*WHAT YOU WILL DO:*
Write out exactly the lines below that run from the one containing "import json" through the one containing "lambda self: not (self.soname", both included, with no other lines.

*RECORD EXTRACTS:*

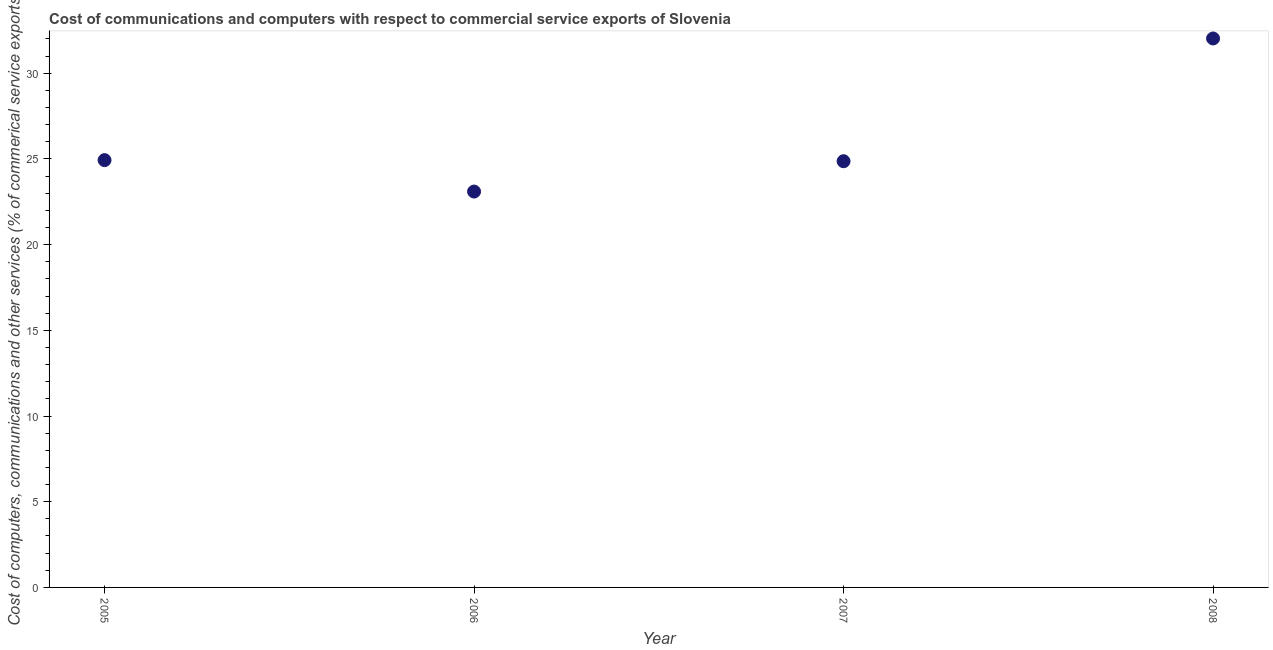What is the  computer and other services in 2006?
Keep it short and to the point. 23.09. Across all years, what is the maximum  computer and other services?
Your response must be concise. 32.02. Across all years, what is the minimum  computer and other services?
Your answer should be compact. 23.09. In which year was the cost of communications maximum?
Keep it short and to the point. 2008. What is the sum of the  computer and other services?
Ensure brevity in your answer.  104.9. What is the difference between the cost of communications in 2006 and 2007?
Give a very brief answer. -1.77. What is the average cost of communications per year?
Your answer should be compact. 26.23. What is the median cost of communications?
Ensure brevity in your answer.  24.89. Do a majority of the years between 2007 and 2008 (inclusive) have cost of communications greater than 29 %?
Keep it short and to the point. No. What is the ratio of the  computer and other services in 2006 to that in 2007?
Your answer should be very brief. 0.93. What is the difference between the highest and the second highest  computer and other services?
Make the answer very short. 7.1. What is the difference between the highest and the lowest cost of communications?
Your answer should be very brief. 8.93. Does the cost of communications monotonically increase over the years?
Offer a terse response. No. Does the graph contain any zero values?
Provide a succinct answer. No. What is the title of the graph?
Your response must be concise. Cost of communications and computers with respect to commercial service exports of Slovenia. What is the label or title of the Y-axis?
Your answer should be compact. Cost of computers, communications and other services (% of commerical service exports). What is the Cost of computers, communications and other services (% of commerical service exports) in 2005?
Offer a very short reply. 24.93. What is the Cost of computers, communications and other services (% of commerical service exports) in 2006?
Ensure brevity in your answer.  23.09. What is the Cost of computers, communications and other services (% of commerical service exports) in 2007?
Make the answer very short. 24.86. What is the Cost of computers, communications and other services (% of commerical service exports) in 2008?
Offer a terse response. 32.02. What is the difference between the Cost of computers, communications and other services (% of commerical service exports) in 2005 and 2006?
Keep it short and to the point. 1.83. What is the difference between the Cost of computers, communications and other services (% of commerical service exports) in 2005 and 2007?
Provide a succinct answer. 0.06. What is the difference between the Cost of computers, communications and other services (% of commerical service exports) in 2005 and 2008?
Your response must be concise. -7.1. What is the difference between the Cost of computers, communications and other services (% of commerical service exports) in 2006 and 2007?
Your answer should be very brief. -1.77. What is the difference between the Cost of computers, communications and other services (% of commerical service exports) in 2006 and 2008?
Your answer should be very brief. -8.93. What is the difference between the Cost of computers, communications and other services (% of commerical service exports) in 2007 and 2008?
Your answer should be very brief. -7.16. What is the ratio of the Cost of computers, communications and other services (% of commerical service exports) in 2005 to that in 2006?
Offer a very short reply. 1.08. What is the ratio of the Cost of computers, communications and other services (% of commerical service exports) in 2005 to that in 2007?
Ensure brevity in your answer.  1. What is the ratio of the Cost of computers, communications and other services (% of commerical service exports) in 2005 to that in 2008?
Provide a short and direct response. 0.78. What is the ratio of the Cost of computers, communications and other services (% of commerical service exports) in 2006 to that in 2007?
Offer a very short reply. 0.93. What is the ratio of the Cost of computers, communications and other services (% of commerical service exports) in 2006 to that in 2008?
Give a very brief answer. 0.72. What is the ratio of the Cost of computers, communications and other services (% of commerical service exports) in 2007 to that in 2008?
Provide a succinct answer. 0.78. 
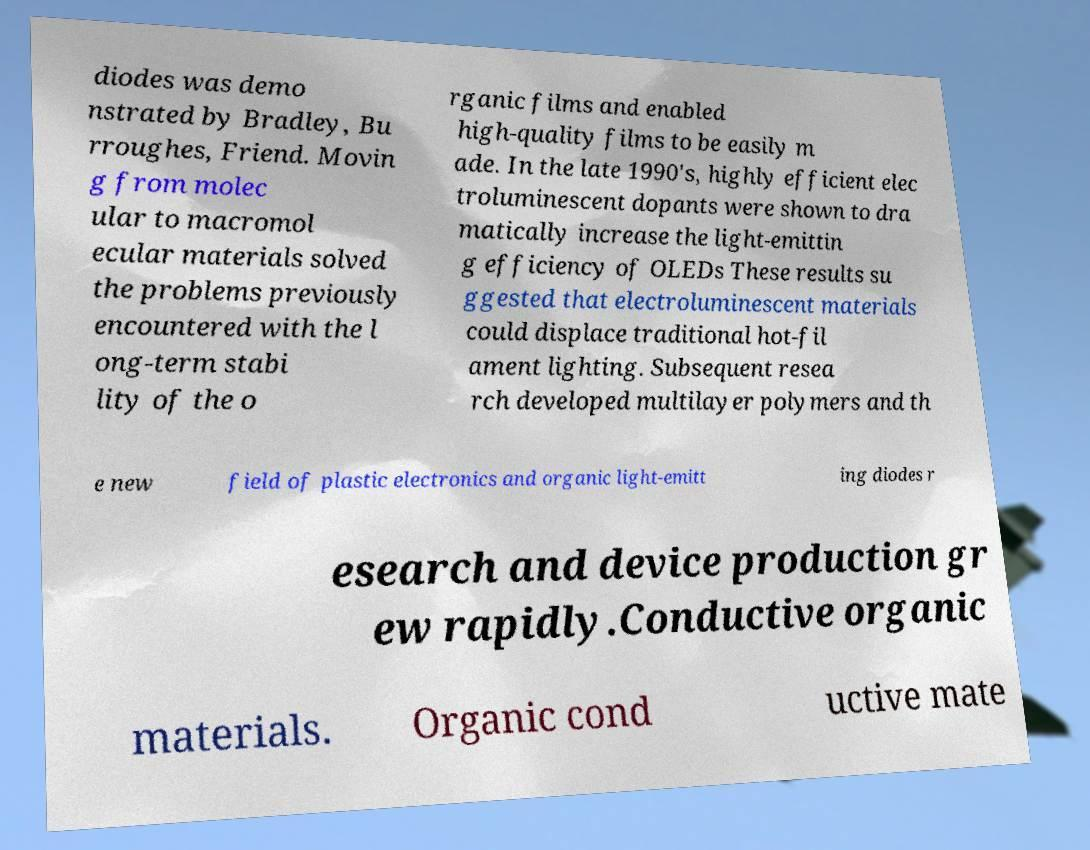Please read and relay the text visible in this image. What does it say? diodes was demo nstrated by Bradley, Bu rroughes, Friend. Movin g from molec ular to macromol ecular materials solved the problems previously encountered with the l ong-term stabi lity of the o rganic films and enabled high-quality films to be easily m ade. In the late 1990's, highly efficient elec troluminescent dopants were shown to dra matically increase the light-emittin g efficiency of OLEDs These results su ggested that electroluminescent materials could displace traditional hot-fil ament lighting. Subsequent resea rch developed multilayer polymers and th e new field of plastic electronics and organic light-emitt ing diodes r esearch and device production gr ew rapidly.Conductive organic materials. Organic cond uctive mate 
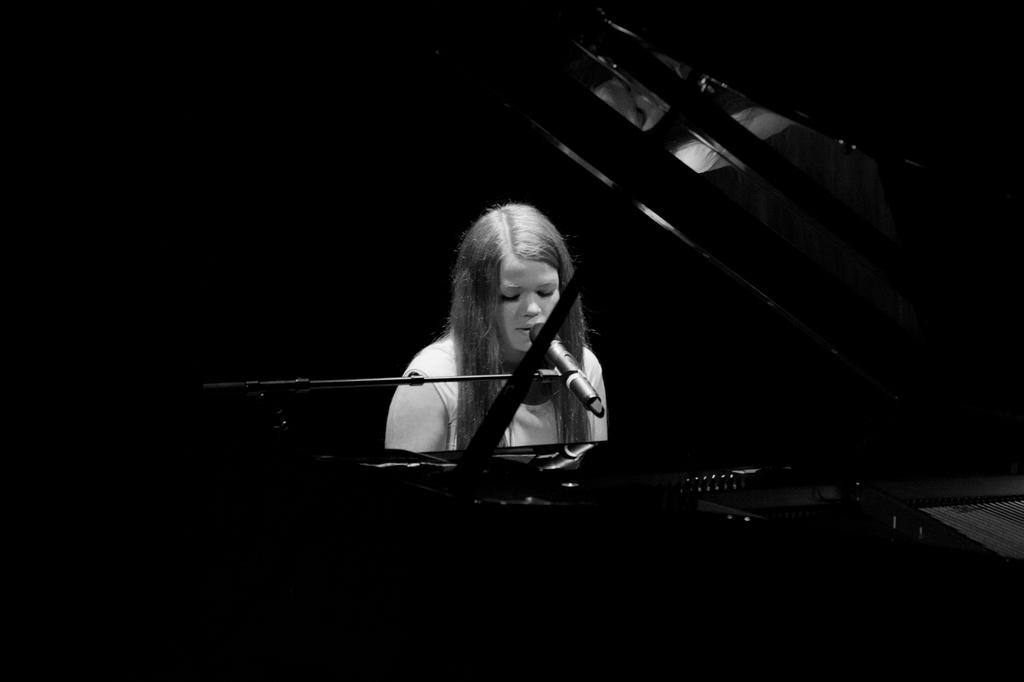What is the woman in the image doing? The woman is sitting in the image. What is in front of the woman? There are microphones with stands in front of the woman. Can you describe the unspecified object in the image? Unfortunately, there is not enough information provided to describe the unspecified object in the image. What type of linen is draped over the microphone stands in the image? There is no linen draped over the microphone stands in the image. How does the woman look in the image? The provided facts do not include any information about the woman's appearance, so we cannot answer this question. 
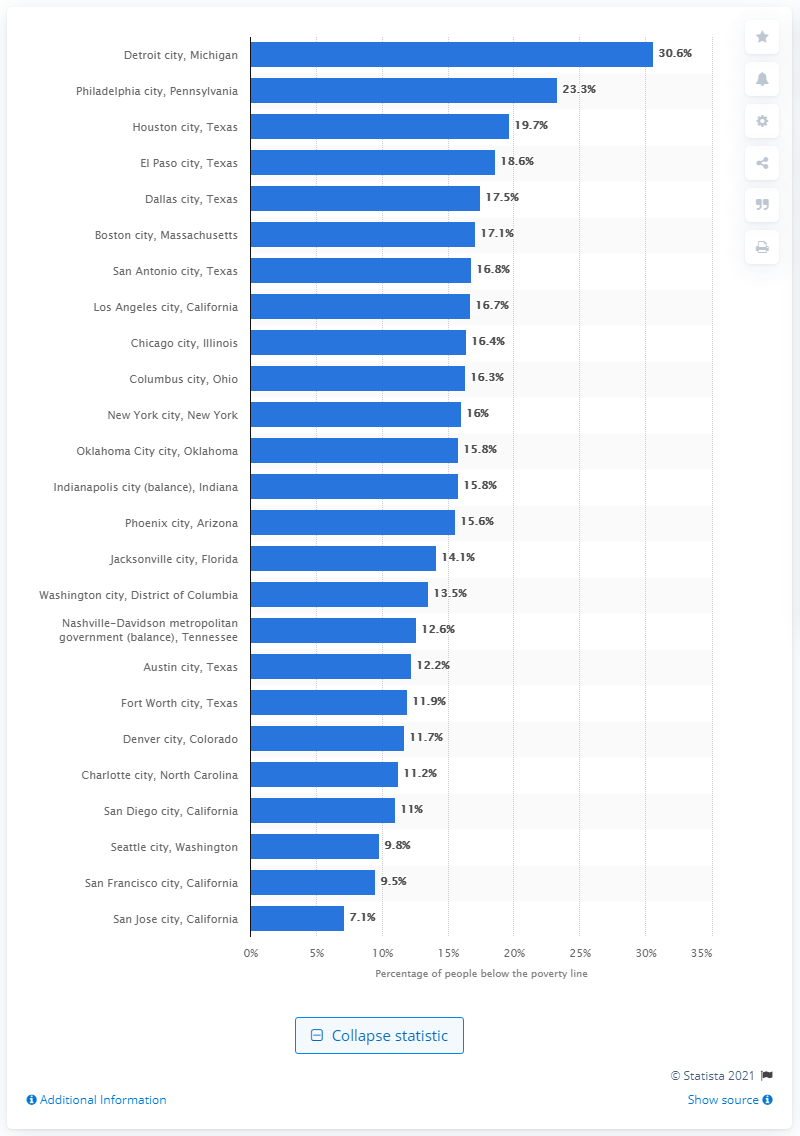Identify some key points in this picture. In 2019, approximately 30.6% of Detroit residents lived in poverty, according to recent data. 
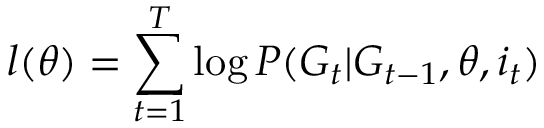Convert formula to latex. <formula><loc_0><loc_0><loc_500><loc_500>l ( \theta ) = \sum _ { t = 1 } ^ { T } \log P ( G _ { t } | G _ { t - 1 } , \theta , i _ { t } )</formula> 
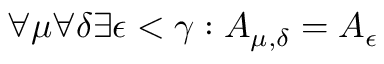<formula> <loc_0><loc_0><loc_500><loc_500>\forall \mu \forall \delta \exists \epsilon < \gamma \colon A _ { \mu , \delta } = A _ { \epsilon }</formula> 
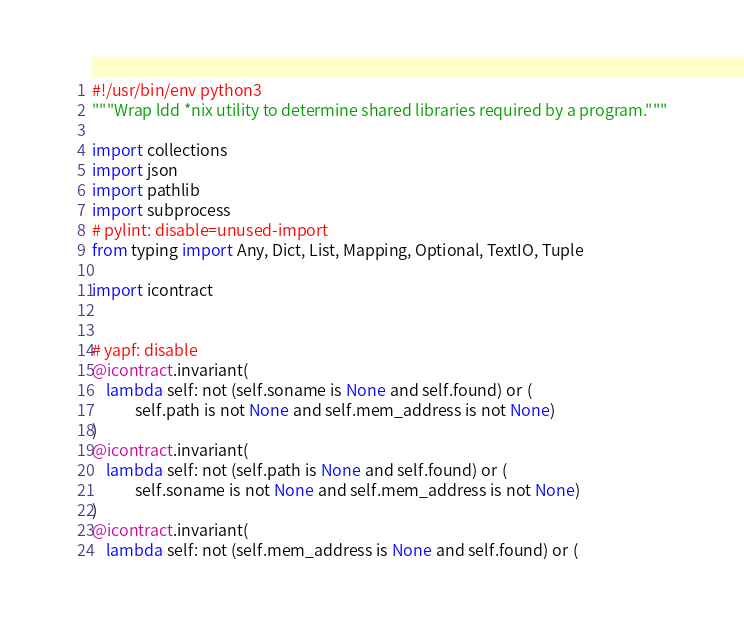Convert code to text. <code><loc_0><loc_0><loc_500><loc_500><_Python_>#!/usr/bin/env python3
"""Wrap ldd *nix utility to determine shared libraries required by a program."""

import collections
import json
import pathlib
import subprocess
# pylint: disable=unused-import
from typing import Any, Dict, List, Mapping, Optional, TextIO, Tuple

import icontract


# yapf: disable
@icontract.invariant(
    lambda self: not (self.soname is None and self.found) or (
            self.path is not None and self.mem_address is not None)
)
@icontract.invariant(
    lambda self: not (self.path is None and self.found) or (
            self.soname is not None and self.mem_address is not None)
)
@icontract.invariant(
    lambda self: not (self.mem_address is None and self.found) or (</code> 
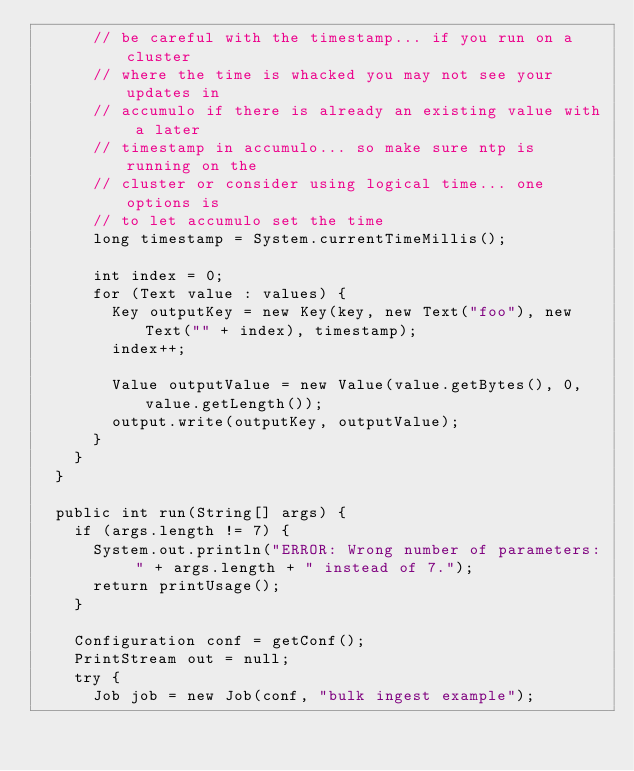Convert code to text. <code><loc_0><loc_0><loc_500><loc_500><_Java_>      // be careful with the timestamp... if you run on a cluster
      // where the time is whacked you may not see your updates in
      // accumulo if there is already an existing value with a later
      // timestamp in accumulo... so make sure ntp is running on the
      // cluster or consider using logical time... one options is
      // to let accumulo set the time
      long timestamp = System.currentTimeMillis();
      
      int index = 0;
      for (Text value : values) {
        Key outputKey = new Key(key, new Text("foo"), new Text("" + index), timestamp);
        index++;
        
        Value outputValue = new Value(value.getBytes(), 0, value.getLength());
        output.write(outputKey, outputValue);
      }
    }
  }
  
  public int run(String[] args) {
    if (args.length != 7) {
      System.out.println("ERROR: Wrong number of parameters: " + args.length + " instead of 7.");
      return printUsage();
    }
    
    Configuration conf = getConf();
    PrintStream out = null;
    try {
      Job job = new Job(conf, "bulk ingest example");</code> 
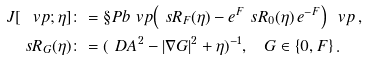Convert formula to latex. <formula><loc_0><loc_0><loc_500><loc_500>J [ \ v p ; \eta ] & \colon = \S P b { \ v p } { \left ( \ s R _ { F } ( \eta ) - e ^ { F } \ s R _ { 0 } ( \eta ) \, e ^ { - F } \right ) \, \ v p } \, , \\ \ s R _ { G } ( \eta ) & \colon = ( \ D A ^ { 2 } - | \nabla G | ^ { 2 } + \eta ) ^ { - 1 } , \quad G \in \{ 0 , F \} \, .</formula> 
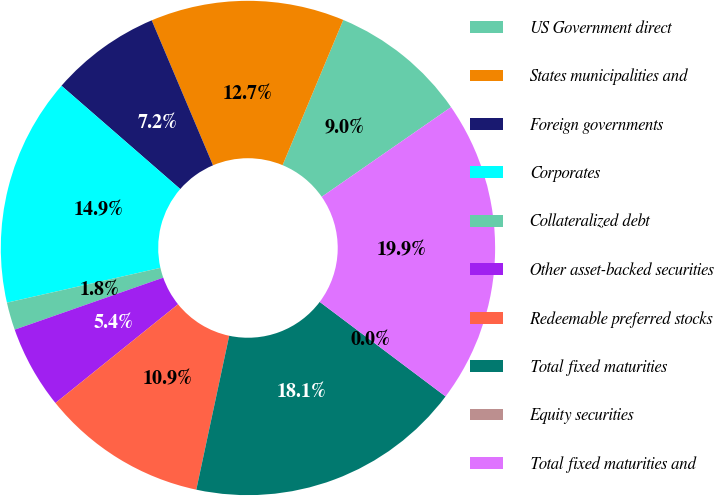Convert chart. <chart><loc_0><loc_0><loc_500><loc_500><pie_chart><fcel>US Government direct<fcel>States municipalities and<fcel>Foreign governments<fcel>Corporates<fcel>Collateralized debt<fcel>Other asset-backed securities<fcel>Redeemable preferred stocks<fcel>Total fixed maturities<fcel>Equity securities<fcel>Total fixed maturities and<nl><fcel>9.05%<fcel>12.67%<fcel>7.24%<fcel>14.95%<fcel>1.81%<fcel>5.43%<fcel>10.86%<fcel>18.1%<fcel>0.0%<fcel>19.91%<nl></chart>

*SOLUTION:*
import json
import pathlib
import subprocess
# pylint: disable=unused-import
from typing import Any, Dict, List, Mapping, Optional, TextIO, Tuple

import icontract


# yapf: disable
@icontract.invariant(
    lambda self: not (self.soname is None and self.found) or (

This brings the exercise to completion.